Collection entries
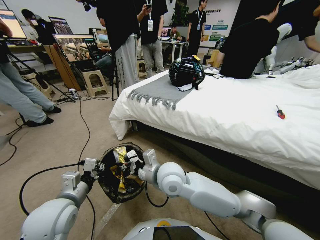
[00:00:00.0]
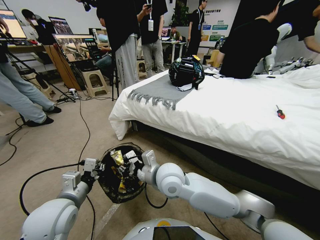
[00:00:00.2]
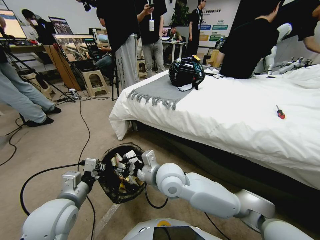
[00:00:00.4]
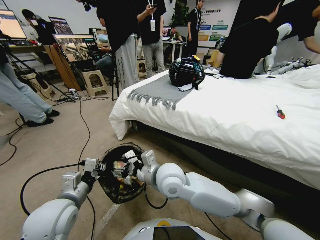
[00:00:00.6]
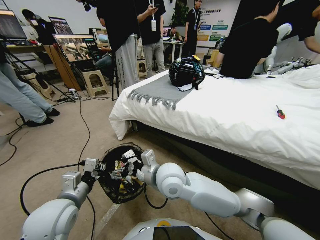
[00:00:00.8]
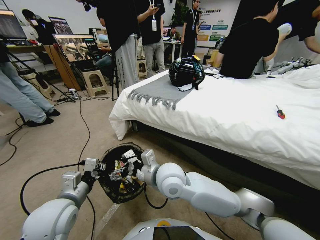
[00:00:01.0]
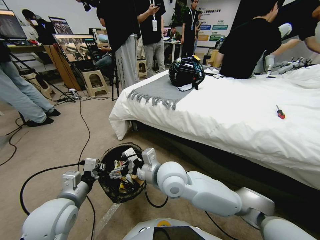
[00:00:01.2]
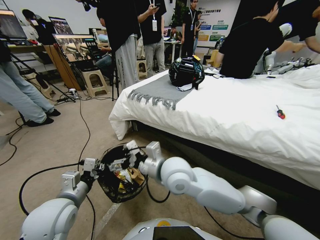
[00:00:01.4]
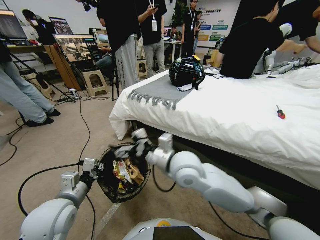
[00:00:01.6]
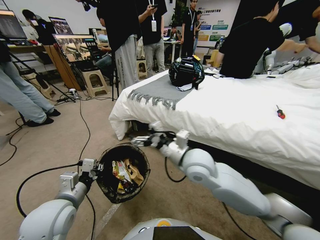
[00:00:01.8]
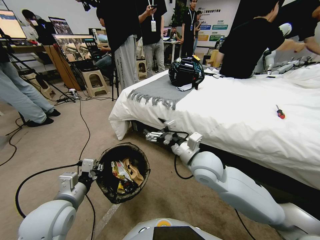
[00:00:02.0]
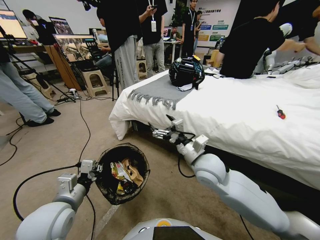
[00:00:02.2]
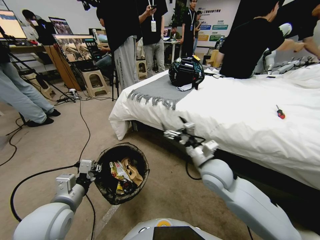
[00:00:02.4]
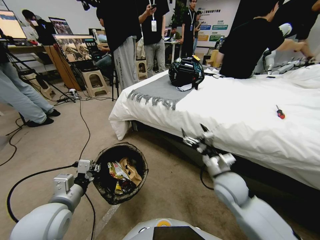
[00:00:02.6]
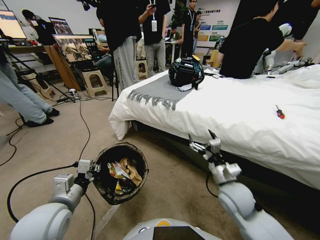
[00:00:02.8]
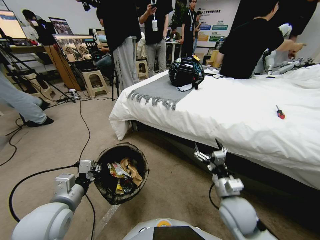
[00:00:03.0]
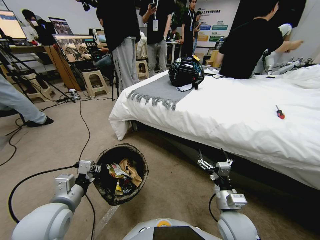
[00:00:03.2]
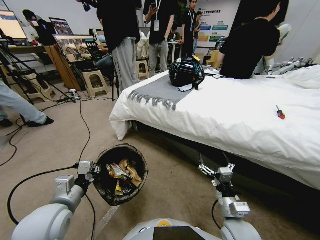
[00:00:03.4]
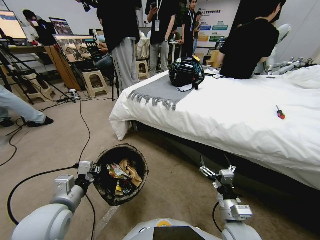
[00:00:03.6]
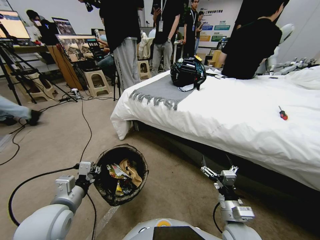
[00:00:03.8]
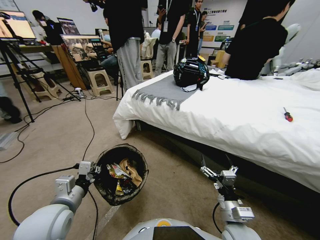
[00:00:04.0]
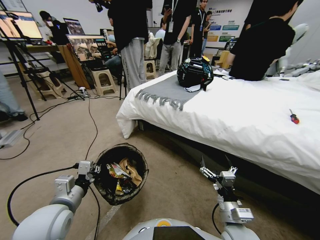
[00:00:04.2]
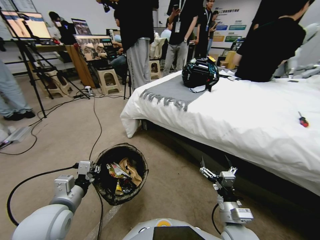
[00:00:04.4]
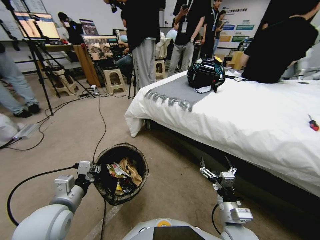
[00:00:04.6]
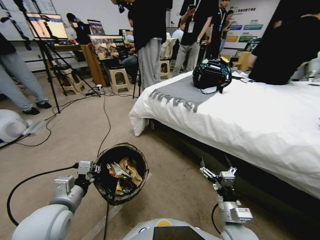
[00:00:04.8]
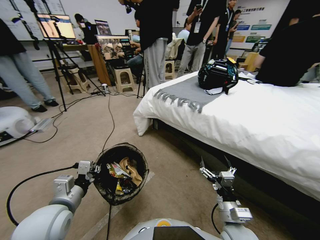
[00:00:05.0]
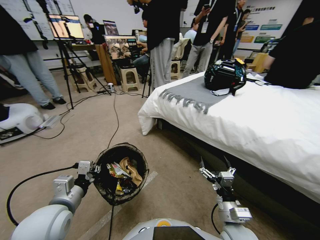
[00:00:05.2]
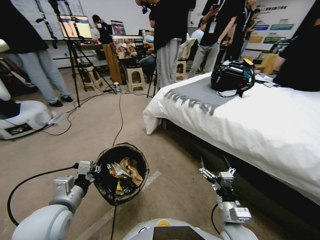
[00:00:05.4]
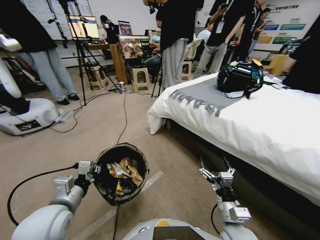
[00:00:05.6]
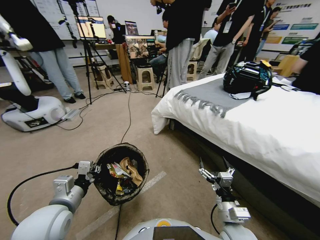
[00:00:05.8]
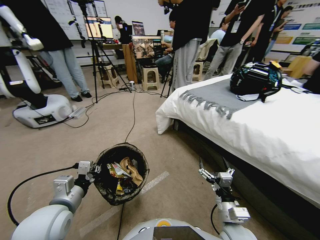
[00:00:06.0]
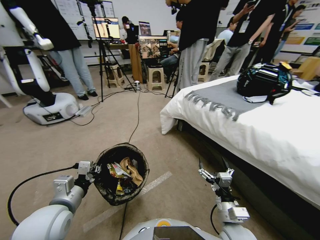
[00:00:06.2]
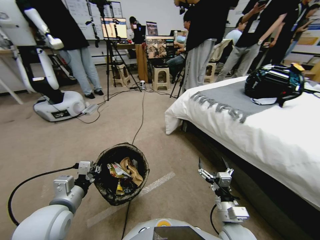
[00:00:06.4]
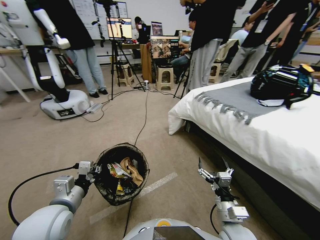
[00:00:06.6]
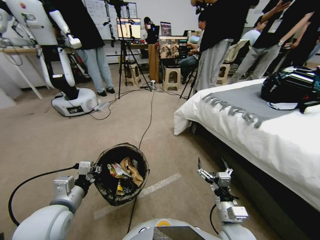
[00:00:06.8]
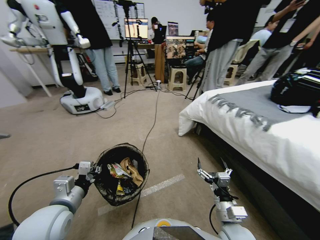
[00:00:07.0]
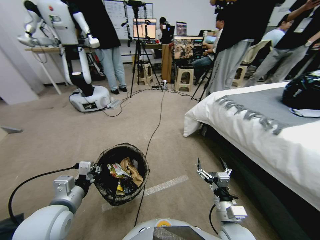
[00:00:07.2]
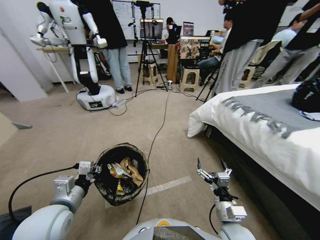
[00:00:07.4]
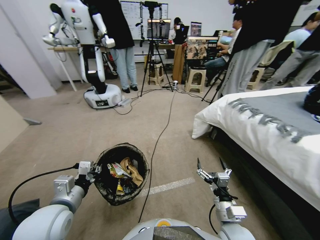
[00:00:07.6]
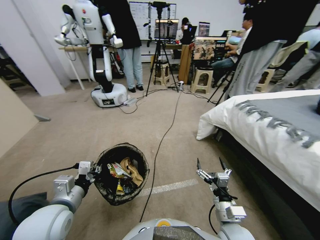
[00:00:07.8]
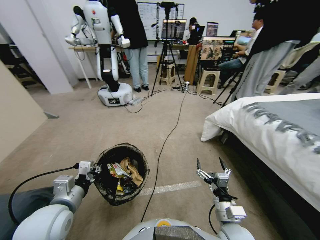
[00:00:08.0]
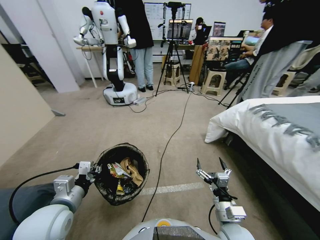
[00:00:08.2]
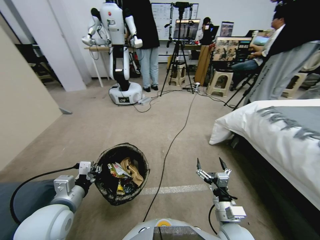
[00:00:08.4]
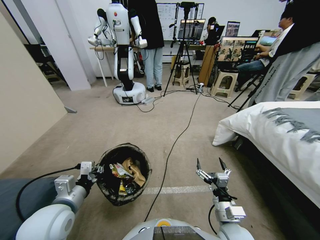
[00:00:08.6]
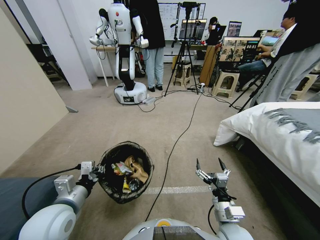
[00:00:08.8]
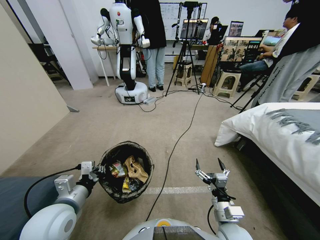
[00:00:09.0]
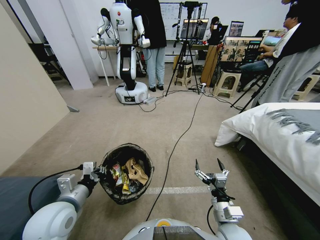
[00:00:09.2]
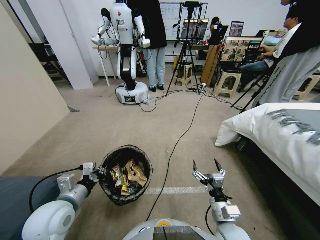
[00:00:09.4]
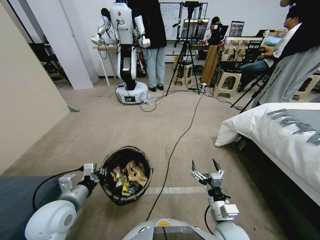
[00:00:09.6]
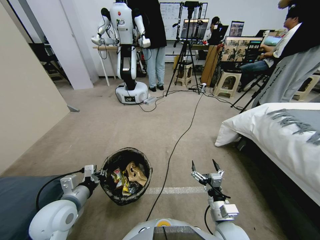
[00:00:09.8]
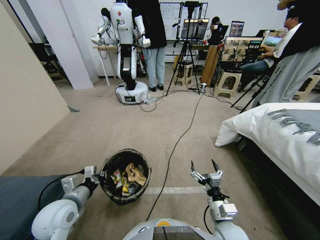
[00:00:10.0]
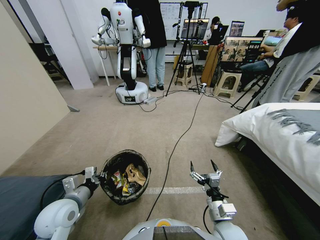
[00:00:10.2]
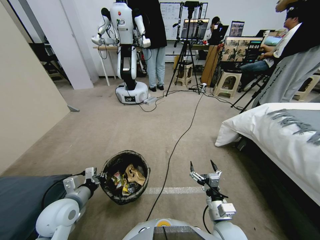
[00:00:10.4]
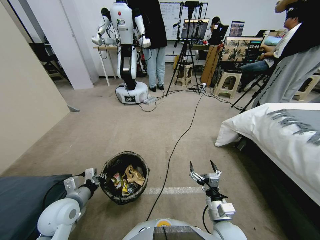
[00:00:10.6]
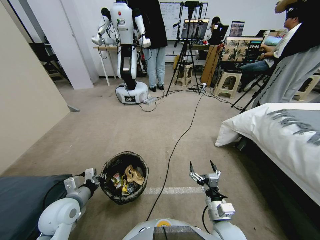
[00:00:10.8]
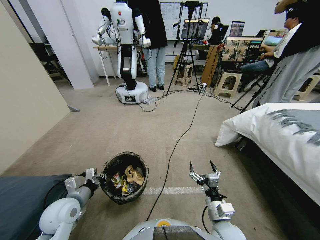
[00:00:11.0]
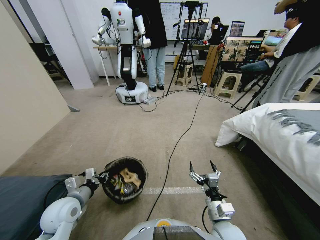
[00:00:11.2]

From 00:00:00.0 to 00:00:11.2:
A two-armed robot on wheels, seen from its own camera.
Task of the whole recording: Pick up the trash bin, then pick up the garbage from the floor and place it into the trash bin.
From 00:00:00.0 to 00:00:01.6: The right gripper moves to the right, about 10 cm, and opens up.
From 00:00:01.6 to 00:00:03.2: The right gripper goes roughly 25 cm downward, backward and to the right.
From 00:00:09.6 to 00:00:11.2: The left gripper shifts by about 5 cm, and opens.

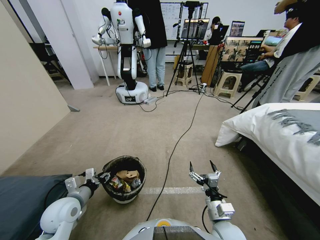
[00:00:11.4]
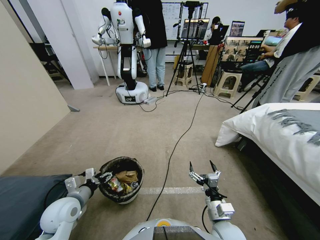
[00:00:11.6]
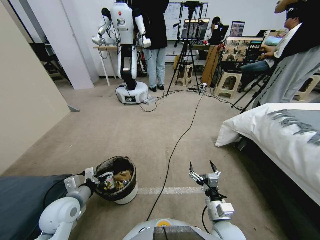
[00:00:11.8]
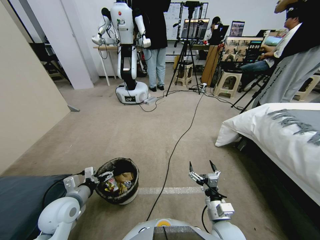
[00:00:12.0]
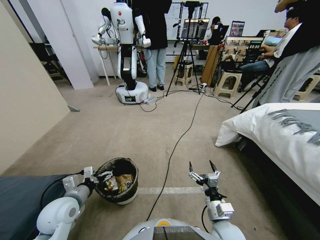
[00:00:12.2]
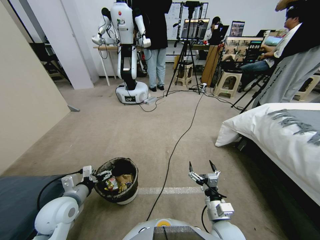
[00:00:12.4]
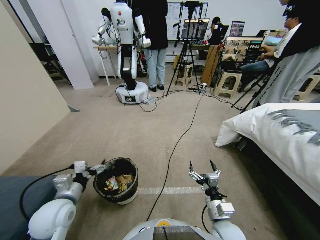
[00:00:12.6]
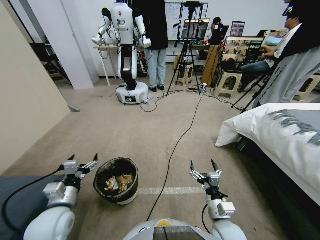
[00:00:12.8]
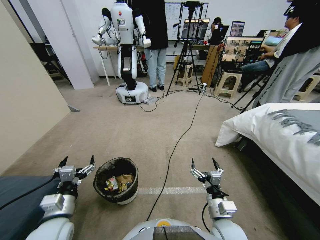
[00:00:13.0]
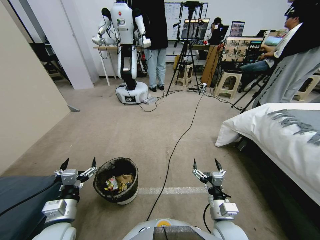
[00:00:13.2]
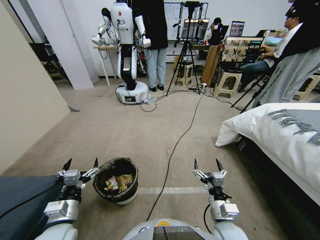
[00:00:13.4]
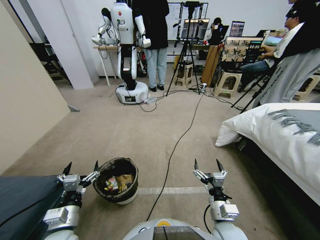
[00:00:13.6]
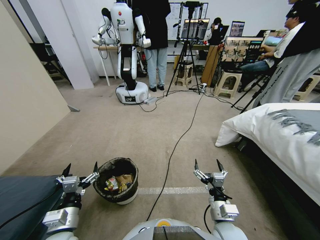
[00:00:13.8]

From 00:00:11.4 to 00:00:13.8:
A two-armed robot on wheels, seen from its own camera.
Task of the whole recording: Pick up the trash bin, then pick up the garbage from the floor and place it into the trash bin.
From 00:00:12.6 to 00:00:13.8: The left gripper goes approximately 5 cm backward.
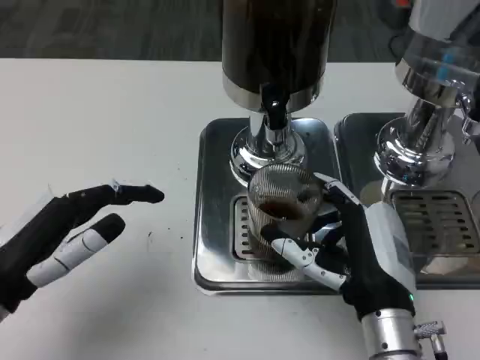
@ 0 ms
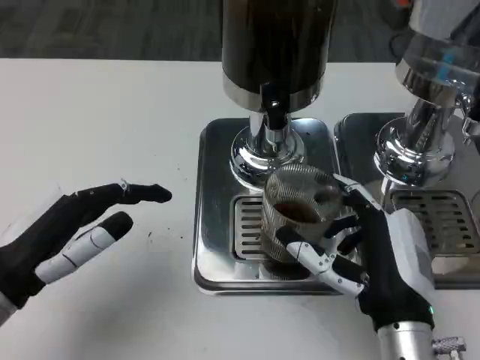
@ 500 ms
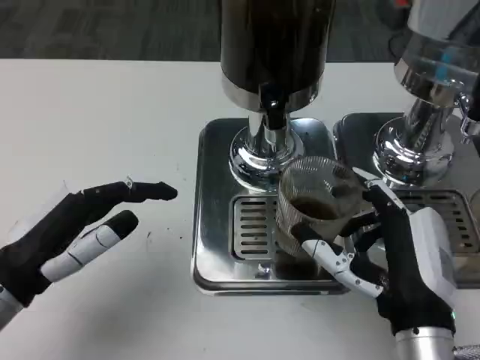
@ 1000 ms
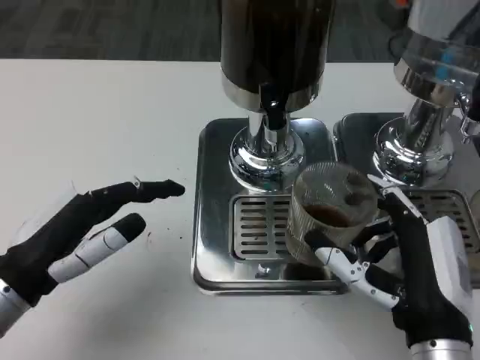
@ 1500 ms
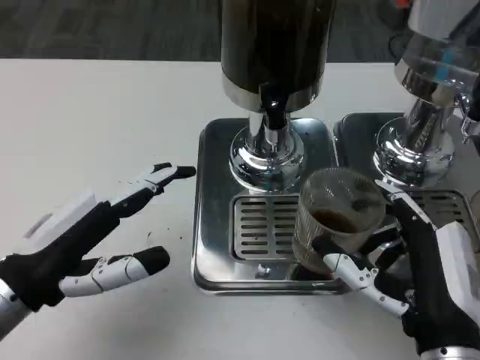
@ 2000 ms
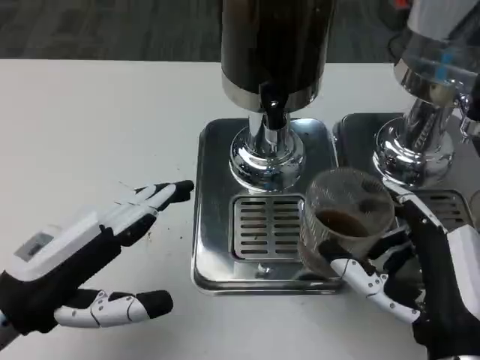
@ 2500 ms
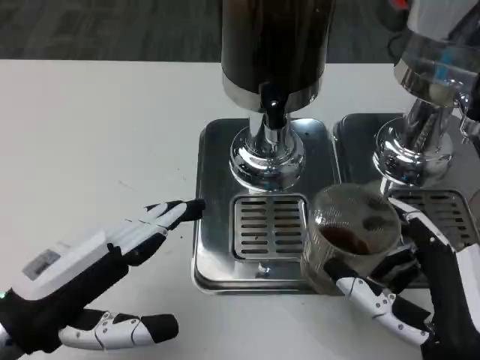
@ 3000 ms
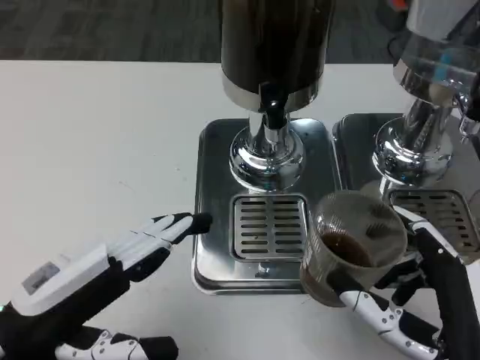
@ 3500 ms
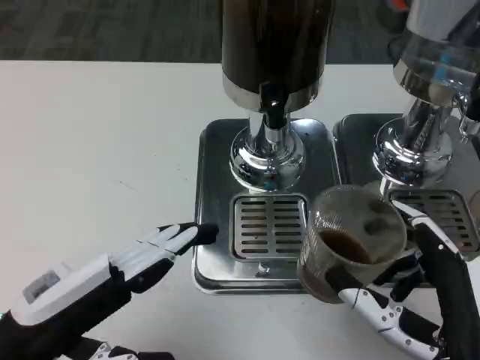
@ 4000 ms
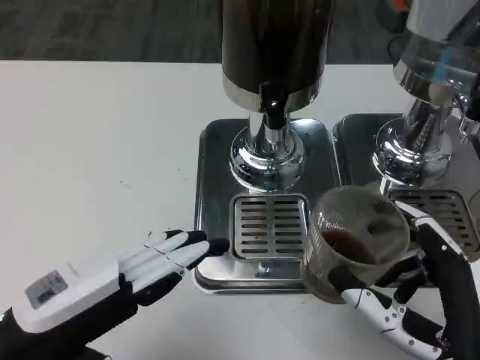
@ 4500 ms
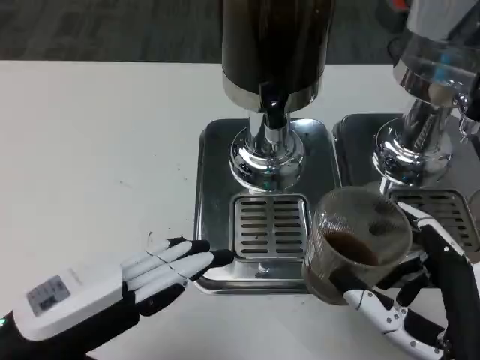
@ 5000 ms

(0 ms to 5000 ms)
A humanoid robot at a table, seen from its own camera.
Task of the whole recording: Grasp the cup under the faucet to collect the drink, then remove the cup.
0 ms - 2500 ms: The right hand moves backward, approximately 5 cm.

__WHAT YOU HAVE TO DO__. Only the text of the records belongs in the answer; reproduce it verbatim, with no pictures.

__RESULT OF THIS EXERCISE__.
[00:00:00.0]
[00:00:00.2]
[00:00:00.4]
[00:00:00.6]
[00:00:00.8]
[00:00:01.0]
[00:00:01.2]
[00:00:01.4]
[00:00:01.6]
[00:00:01.8]
[00:00:02.0]
[00:00:02.2]
[00:00:02.4]
[00:00:02.6]
[00:00:02.8]
[00:00:03.0]
[00:00:03.2]
[00:00:03.4]
[00:00:03.6]
[00:00:03.8]
[00:00:04.0]
[00:00:04.2]
[00:00:04.4]
[00:00:04.6]
[00:00:04.8]
[00:00:05.0]
[00:00:05.2]
[00:00:05.4]
[00:00:05.6]
[00:00:05.8]
[00:00:06.0]
[00:00:06.2]
[00:00:06.4]
[00:00:06.6]
[00:00:06.8]
[00:00:07.0]
[00:00:07.2]
[00:00:07.4]
[00:00:07.6]
[00:00:07.8]
[00:00:08.0]
[00:00:08.2]
[00:00:08.4]
[00:00:08.6]
[00:00:08.8]
[00:00:09.0]
[00:00:09.2]
[00:00:09.4]
[00:00:09.6]
[00:00:09.8]
[00:00:10.0]
[00:00:10.2]
[00:00:10.4]
[00:00:10.6]
[00:00:10.8]
[00:00:11.0]
[00:00:11.2]

From 00:00:00.0 to 00:00:11.2:
A two-armed robot on wheels, seen from its own camera.
Task of the whole recording: Pick up the trash bin, then pick up the garbage from the floor and place it into the trash bin.
From 00:00:00.0 to 00:00:01.6: The right gripper moves to the right, about 10 cm, and opens up.
From 00:00:01.6 to 00:00:03.2: The right gripper goes roughly 25 cm downward, backward and to the right.
From 00:00:09.6 to 00:00:11.2: The left gripper shifts by about 5 cm, and opens.

[00:00:11.4]
[00:00:11.6]
[00:00:11.8]
[00:00:12.0]
[00:00:12.2]
[00:00:12.4]
[00:00:12.6]
[00:00:12.8]
[00:00:13.0]
[00:00:13.2]
[00:00:13.4]
[00:00:13.6]
[00:00:13.8]

From 00:00:11.4 to 00:00:13.8:
A two-armed robot on wheels, seen from its own camera.
Task of the whole recording: Pick up the trash bin, then pick up the garbage from the floor and place it into the trash bin.
From 00:00:12.6 to 00:00:13.8: The left gripper goes approximately 5 cm backward.
@ 0 ms
@ 500 ms
@ 1000 ms
@ 1500 ms
@ 2000 ms
@ 2500 ms
@ 3000 ms
@ 3500 ms
@ 4000 ms
@ 4500 ms
@ 5000 ms

(0 ms to 5000 ms)
A humanoid robot at a table, seen from its own camera.
Task of the whole recording: Grasp the cup under the faucet to collect the drink, then remove the cup.
0 ms - 2500 ms: The right hand moves backward, approximately 5 cm.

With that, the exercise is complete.